Thank you, @Bob_Carpenter !

I’ve been using this PDF within a large and complex model that is having issues with infinite gradients when optimising and tiny step sizes when sampling. Values of x / \lambda - \psi(\alpha) outside of (-400, 400) are not at all reasonable in my context, and anything that improves numerical stability is worth considering.

For anybody searching the forums later, it’s important to note that Stan implements the gamma distribution using the rate parameterisation rather than the scale parameterisation in Bob’s post, which reverses some of the signs. The substitution in the last line becomes:

\log \text{gamma}(\exp(-x / \lambda) \mid \alpha, \exp(\psi(\alpha)) = -\text{lgamma}(\alpha) + \alpha \cdot \psi(\alpha) - (\alpha - 1) \cdot x / \lambda - \exp(-(x / \lambda - \psi(\alpha)))

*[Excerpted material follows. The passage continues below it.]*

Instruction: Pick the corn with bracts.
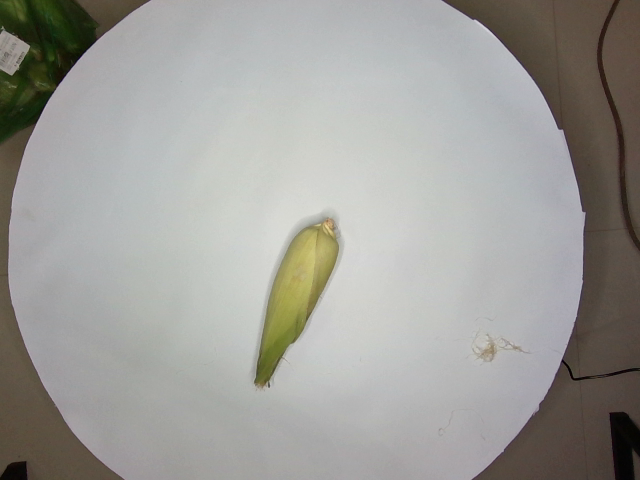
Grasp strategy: vertical
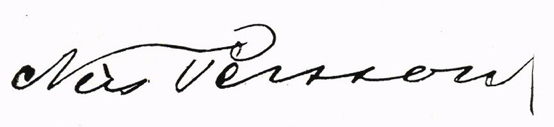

Putting that into a Stan function with some simplification and intermediate calculations to support vectorisation yields:

  real gamma_exp_lpdf(vector x, real lambda, real alpha) {
    int K = size(x);
    vector[K] z = x / lambda - digamma(alpha);
    return -K * (log(lambda) + lgamma(alpha)) - alpha * sum(z) - sum(exp(-z));
  }

Although this form has not been a silver bullet to solve my particular model’s problems, I still really appreciate the support in getting this piece of it as stable as possible.

Can you try an orthogonal parameterization of the gamma distribution and see if that helps?

See Add orthogonal parameterization of gamma distribution · Issue #3040 · stan-dev/math · GitHub for Stan code.